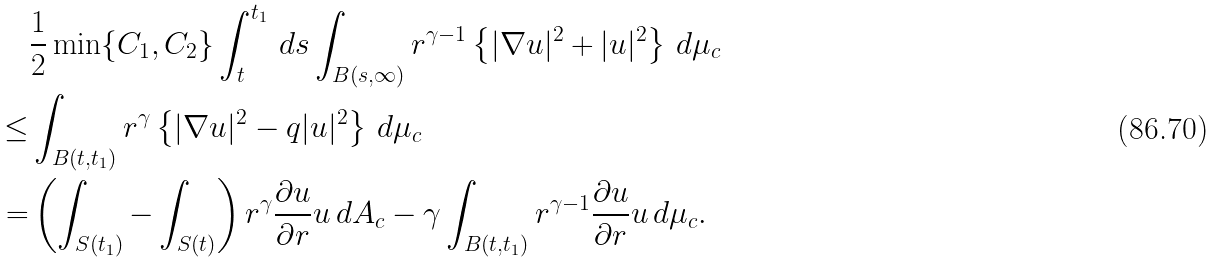Convert formula to latex. <formula><loc_0><loc_0><loc_500><loc_500>& \frac { 1 } { 2 } \min \{ C _ { 1 } , C _ { 2 } \} \int ^ { t _ { 1 } } _ { t } \, d s \int _ { B ( s , \infty ) } r ^ { \gamma - 1 } \left \{ | \nabla u | ^ { 2 } + | u | ^ { 2 } \right \} \, d \mu _ { c } \\ \leq & \int _ { B ( t , t _ { 1 } ) } r ^ { \gamma } \left \{ | \nabla u | ^ { 2 } - q | u | ^ { 2 } \right \} \, d \mu _ { c } \\ = & \left ( \int _ { S ( t _ { 1 } ) } - \int _ { S ( t ) } \right ) r ^ { \gamma } \frac { \partial u } { \partial r } u \, d A _ { c } - \gamma \int _ { B ( t , t _ { 1 } ) } r ^ { \gamma - 1 } \frac { \partial u } { \partial r } u \, d \mu _ { c } .</formula> 
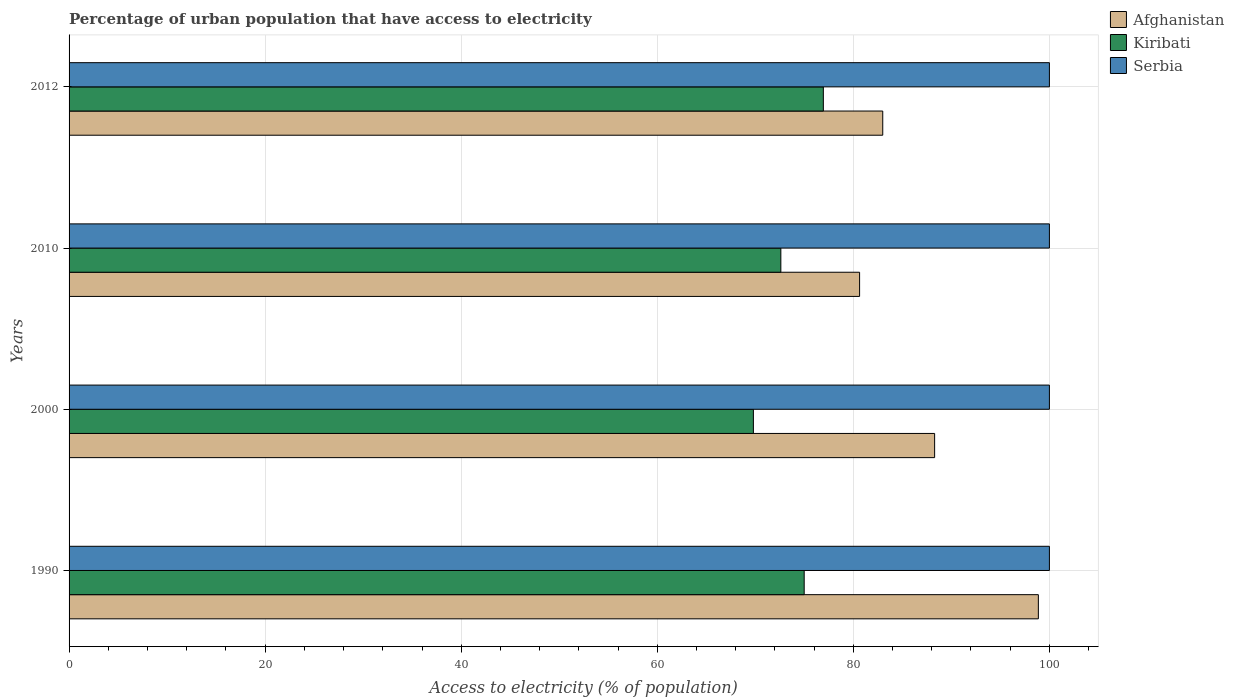Are the number of bars per tick equal to the number of legend labels?
Make the answer very short. Yes. How many bars are there on the 2nd tick from the bottom?
Provide a succinct answer. 3. In how many cases, is the number of bars for a given year not equal to the number of legend labels?
Give a very brief answer. 0. Across all years, what is the maximum percentage of urban population that have access to electricity in Kiribati?
Make the answer very short. 76.94. Across all years, what is the minimum percentage of urban population that have access to electricity in Serbia?
Provide a succinct answer. 100. In which year was the percentage of urban population that have access to electricity in Afghanistan minimum?
Ensure brevity in your answer.  2010. What is the total percentage of urban population that have access to electricity in Afghanistan in the graph?
Your answer should be compact. 350.8. What is the difference between the percentage of urban population that have access to electricity in Kiribati in 2010 and that in 2012?
Ensure brevity in your answer.  -4.34. What is the difference between the percentage of urban population that have access to electricity in Serbia in 2010 and the percentage of urban population that have access to electricity in Afghanistan in 2000?
Your response must be concise. 11.71. What is the average percentage of urban population that have access to electricity in Kiribati per year?
Keep it short and to the point. 73.58. In the year 2012, what is the difference between the percentage of urban population that have access to electricity in Kiribati and percentage of urban population that have access to electricity in Serbia?
Offer a very short reply. -23.06. What is the ratio of the percentage of urban population that have access to electricity in Kiribati in 2000 to that in 2010?
Provide a short and direct response. 0.96. Is the percentage of urban population that have access to electricity in Serbia in 1990 less than that in 2010?
Your response must be concise. No. Is the difference between the percentage of urban population that have access to electricity in Kiribati in 2000 and 2012 greater than the difference between the percentage of urban population that have access to electricity in Serbia in 2000 and 2012?
Offer a terse response. No. What is the difference between the highest and the second highest percentage of urban population that have access to electricity in Kiribati?
Give a very brief answer. 1.95. What is the difference between the highest and the lowest percentage of urban population that have access to electricity in Kiribati?
Keep it short and to the point. 7.13. What does the 2nd bar from the top in 1990 represents?
Keep it short and to the point. Kiribati. What does the 1st bar from the bottom in 2012 represents?
Your answer should be compact. Afghanistan. Is it the case that in every year, the sum of the percentage of urban population that have access to electricity in Afghanistan and percentage of urban population that have access to electricity in Kiribati is greater than the percentage of urban population that have access to electricity in Serbia?
Provide a short and direct response. Yes. Does the graph contain any zero values?
Provide a succinct answer. No. Does the graph contain grids?
Your answer should be very brief. Yes. How many legend labels are there?
Provide a short and direct response. 3. What is the title of the graph?
Provide a short and direct response. Percentage of urban population that have access to electricity. What is the label or title of the X-axis?
Keep it short and to the point. Access to electricity (% of population). What is the Access to electricity (% of population) in Afghanistan in 1990?
Keep it short and to the point. 98.87. What is the Access to electricity (% of population) in Kiribati in 1990?
Your answer should be compact. 74.99. What is the Access to electricity (% of population) of Afghanistan in 2000?
Provide a succinct answer. 88.29. What is the Access to electricity (% of population) in Kiribati in 2000?
Give a very brief answer. 69.8. What is the Access to electricity (% of population) of Serbia in 2000?
Give a very brief answer. 100. What is the Access to electricity (% of population) of Afghanistan in 2010?
Ensure brevity in your answer.  80.64. What is the Access to electricity (% of population) in Kiribati in 2010?
Provide a short and direct response. 72.6. What is the Access to electricity (% of population) in Afghanistan in 2012?
Offer a very short reply. 83. What is the Access to electricity (% of population) of Kiribati in 2012?
Provide a short and direct response. 76.94. Across all years, what is the maximum Access to electricity (% of population) in Afghanistan?
Your response must be concise. 98.87. Across all years, what is the maximum Access to electricity (% of population) in Kiribati?
Provide a short and direct response. 76.94. Across all years, what is the maximum Access to electricity (% of population) of Serbia?
Offer a very short reply. 100. Across all years, what is the minimum Access to electricity (% of population) of Afghanistan?
Offer a terse response. 80.64. Across all years, what is the minimum Access to electricity (% of population) of Kiribati?
Provide a short and direct response. 69.8. What is the total Access to electricity (% of population) in Afghanistan in the graph?
Ensure brevity in your answer.  350.8. What is the total Access to electricity (% of population) in Kiribati in the graph?
Keep it short and to the point. 294.33. What is the difference between the Access to electricity (% of population) in Afghanistan in 1990 and that in 2000?
Offer a terse response. 10.58. What is the difference between the Access to electricity (% of population) of Kiribati in 1990 and that in 2000?
Your answer should be very brief. 5.18. What is the difference between the Access to electricity (% of population) of Serbia in 1990 and that in 2000?
Keep it short and to the point. 0. What is the difference between the Access to electricity (% of population) in Afghanistan in 1990 and that in 2010?
Your response must be concise. 18.24. What is the difference between the Access to electricity (% of population) of Kiribati in 1990 and that in 2010?
Provide a short and direct response. 2.38. What is the difference between the Access to electricity (% of population) in Serbia in 1990 and that in 2010?
Your response must be concise. 0. What is the difference between the Access to electricity (% of population) in Afghanistan in 1990 and that in 2012?
Make the answer very short. 15.87. What is the difference between the Access to electricity (% of population) in Kiribati in 1990 and that in 2012?
Your answer should be compact. -1.95. What is the difference between the Access to electricity (% of population) of Serbia in 1990 and that in 2012?
Make the answer very short. 0. What is the difference between the Access to electricity (% of population) in Afghanistan in 2000 and that in 2010?
Your answer should be compact. 7.65. What is the difference between the Access to electricity (% of population) of Kiribati in 2000 and that in 2010?
Provide a short and direct response. -2.8. What is the difference between the Access to electricity (% of population) of Serbia in 2000 and that in 2010?
Provide a short and direct response. 0. What is the difference between the Access to electricity (% of population) of Afghanistan in 2000 and that in 2012?
Offer a very short reply. 5.29. What is the difference between the Access to electricity (% of population) of Kiribati in 2000 and that in 2012?
Your answer should be compact. -7.13. What is the difference between the Access to electricity (% of population) in Afghanistan in 2010 and that in 2012?
Your answer should be very brief. -2.36. What is the difference between the Access to electricity (% of population) in Kiribati in 2010 and that in 2012?
Your answer should be compact. -4.34. What is the difference between the Access to electricity (% of population) of Serbia in 2010 and that in 2012?
Offer a very short reply. 0. What is the difference between the Access to electricity (% of population) of Afghanistan in 1990 and the Access to electricity (% of population) of Kiribati in 2000?
Offer a very short reply. 29.07. What is the difference between the Access to electricity (% of population) of Afghanistan in 1990 and the Access to electricity (% of population) of Serbia in 2000?
Your answer should be compact. -1.13. What is the difference between the Access to electricity (% of population) of Kiribati in 1990 and the Access to electricity (% of population) of Serbia in 2000?
Offer a very short reply. -25.01. What is the difference between the Access to electricity (% of population) of Afghanistan in 1990 and the Access to electricity (% of population) of Kiribati in 2010?
Provide a short and direct response. 26.27. What is the difference between the Access to electricity (% of population) in Afghanistan in 1990 and the Access to electricity (% of population) in Serbia in 2010?
Provide a short and direct response. -1.13. What is the difference between the Access to electricity (% of population) in Kiribati in 1990 and the Access to electricity (% of population) in Serbia in 2010?
Provide a succinct answer. -25.01. What is the difference between the Access to electricity (% of population) in Afghanistan in 1990 and the Access to electricity (% of population) in Kiribati in 2012?
Offer a terse response. 21.93. What is the difference between the Access to electricity (% of population) of Afghanistan in 1990 and the Access to electricity (% of population) of Serbia in 2012?
Your response must be concise. -1.13. What is the difference between the Access to electricity (% of population) in Kiribati in 1990 and the Access to electricity (% of population) in Serbia in 2012?
Make the answer very short. -25.01. What is the difference between the Access to electricity (% of population) in Afghanistan in 2000 and the Access to electricity (% of population) in Kiribati in 2010?
Provide a short and direct response. 15.69. What is the difference between the Access to electricity (% of population) in Afghanistan in 2000 and the Access to electricity (% of population) in Serbia in 2010?
Give a very brief answer. -11.71. What is the difference between the Access to electricity (% of population) in Kiribati in 2000 and the Access to electricity (% of population) in Serbia in 2010?
Keep it short and to the point. -30.2. What is the difference between the Access to electricity (% of population) of Afghanistan in 2000 and the Access to electricity (% of population) of Kiribati in 2012?
Give a very brief answer. 11.35. What is the difference between the Access to electricity (% of population) in Afghanistan in 2000 and the Access to electricity (% of population) in Serbia in 2012?
Your answer should be compact. -11.71. What is the difference between the Access to electricity (% of population) in Kiribati in 2000 and the Access to electricity (% of population) in Serbia in 2012?
Make the answer very short. -30.2. What is the difference between the Access to electricity (% of population) of Afghanistan in 2010 and the Access to electricity (% of population) of Kiribati in 2012?
Your response must be concise. 3.7. What is the difference between the Access to electricity (% of population) in Afghanistan in 2010 and the Access to electricity (% of population) in Serbia in 2012?
Keep it short and to the point. -19.36. What is the difference between the Access to electricity (% of population) of Kiribati in 2010 and the Access to electricity (% of population) of Serbia in 2012?
Your answer should be compact. -27.4. What is the average Access to electricity (% of population) in Afghanistan per year?
Provide a short and direct response. 87.7. What is the average Access to electricity (% of population) in Kiribati per year?
Your response must be concise. 73.58. In the year 1990, what is the difference between the Access to electricity (% of population) in Afghanistan and Access to electricity (% of population) in Kiribati?
Your response must be concise. 23.89. In the year 1990, what is the difference between the Access to electricity (% of population) of Afghanistan and Access to electricity (% of population) of Serbia?
Offer a very short reply. -1.13. In the year 1990, what is the difference between the Access to electricity (% of population) of Kiribati and Access to electricity (% of population) of Serbia?
Ensure brevity in your answer.  -25.01. In the year 2000, what is the difference between the Access to electricity (% of population) in Afghanistan and Access to electricity (% of population) in Kiribati?
Offer a very short reply. 18.49. In the year 2000, what is the difference between the Access to electricity (% of population) in Afghanistan and Access to electricity (% of population) in Serbia?
Offer a very short reply. -11.71. In the year 2000, what is the difference between the Access to electricity (% of population) in Kiribati and Access to electricity (% of population) in Serbia?
Offer a terse response. -30.2. In the year 2010, what is the difference between the Access to electricity (% of population) in Afghanistan and Access to electricity (% of population) in Kiribati?
Offer a terse response. 8.03. In the year 2010, what is the difference between the Access to electricity (% of population) in Afghanistan and Access to electricity (% of population) in Serbia?
Ensure brevity in your answer.  -19.36. In the year 2010, what is the difference between the Access to electricity (% of population) of Kiribati and Access to electricity (% of population) of Serbia?
Provide a short and direct response. -27.4. In the year 2012, what is the difference between the Access to electricity (% of population) in Afghanistan and Access to electricity (% of population) in Kiribati?
Make the answer very short. 6.06. In the year 2012, what is the difference between the Access to electricity (% of population) in Afghanistan and Access to electricity (% of population) in Serbia?
Keep it short and to the point. -17. In the year 2012, what is the difference between the Access to electricity (% of population) in Kiribati and Access to electricity (% of population) in Serbia?
Make the answer very short. -23.06. What is the ratio of the Access to electricity (% of population) of Afghanistan in 1990 to that in 2000?
Your answer should be compact. 1.12. What is the ratio of the Access to electricity (% of population) in Kiribati in 1990 to that in 2000?
Offer a terse response. 1.07. What is the ratio of the Access to electricity (% of population) in Serbia in 1990 to that in 2000?
Provide a short and direct response. 1. What is the ratio of the Access to electricity (% of population) in Afghanistan in 1990 to that in 2010?
Provide a short and direct response. 1.23. What is the ratio of the Access to electricity (% of population) of Kiribati in 1990 to that in 2010?
Give a very brief answer. 1.03. What is the ratio of the Access to electricity (% of population) in Serbia in 1990 to that in 2010?
Provide a short and direct response. 1. What is the ratio of the Access to electricity (% of population) of Afghanistan in 1990 to that in 2012?
Ensure brevity in your answer.  1.19. What is the ratio of the Access to electricity (% of population) in Kiribati in 1990 to that in 2012?
Give a very brief answer. 0.97. What is the ratio of the Access to electricity (% of population) in Afghanistan in 2000 to that in 2010?
Your answer should be very brief. 1.09. What is the ratio of the Access to electricity (% of population) of Kiribati in 2000 to that in 2010?
Your response must be concise. 0.96. What is the ratio of the Access to electricity (% of population) of Serbia in 2000 to that in 2010?
Give a very brief answer. 1. What is the ratio of the Access to electricity (% of population) in Afghanistan in 2000 to that in 2012?
Provide a short and direct response. 1.06. What is the ratio of the Access to electricity (% of population) in Kiribati in 2000 to that in 2012?
Make the answer very short. 0.91. What is the ratio of the Access to electricity (% of population) in Serbia in 2000 to that in 2012?
Provide a succinct answer. 1. What is the ratio of the Access to electricity (% of population) in Afghanistan in 2010 to that in 2012?
Give a very brief answer. 0.97. What is the ratio of the Access to electricity (% of population) in Kiribati in 2010 to that in 2012?
Keep it short and to the point. 0.94. What is the ratio of the Access to electricity (% of population) of Serbia in 2010 to that in 2012?
Make the answer very short. 1. What is the difference between the highest and the second highest Access to electricity (% of population) of Afghanistan?
Offer a very short reply. 10.58. What is the difference between the highest and the second highest Access to electricity (% of population) of Kiribati?
Your answer should be compact. 1.95. What is the difference between the highest and the lowest Access to electricity (% of population) in Afghanistan?
Your answer should be very brief. 18.24. What is the difference between the highest and the lowest Access to electricity (% of population) in Kiribati?
Offer a terse response. 7.13.

★ ★ ★

ABOUT THIS EXERCISE: Above are the records. Copy the lines beginning at the one that has "Provide a short and direct response. 72.6." and ending with the one that has "Your answer should be very brief. 5.18.", unchanged.

RESULT OF THE TASK:
Provide a short and direct response. 72.6. What is the Access to electricity (% of population) in Afghanistan in 2012?
Offer a very short reply. 83. What is the Access to electricity (% of population) of Kiribati in 2012?
Provide a short and direct response. 76.94. Across all years, what is the maximum Access to electricity (% of population) in Afghanistan?
Your response must be concise. 98.87. Across all years, what is the maximum Access to electricity (% of population) in Kiribati?
Provide a short and direct response. 76.94. Across all years, what is the maximum Access to electricity (% of population) of Serbia?
Offer a very short reply. 100. Across all years, what is the minimum Access to electricity (% of population) of Afghanistan?
Offer a terse response. 80.64. Across all years, what is the minimum Access to electricity (% of population) of Kiribati?
Provide a short and direct response. 69.8. What is the total Access to electricity (% of population) in Afghanistan in the graph?
Ensure brevity in your answer.  350.8. What is the total Access to electricity (% of population) in Kiribati in the graph?
Keep it short and to the point. 294.33. What is the difference between the Access to electricity (% of population) in Afghanistan in 1990 and that in 2000?
Offer a terse response. 10.58. What is the difference between the Access to electricity (% of population) of Kiribati in 1990 and that in 2000?
Your answer should be very brief. 5.18. What is the difference between the Access to electricity (% of population) of Serbia in 1990 and that in 2000?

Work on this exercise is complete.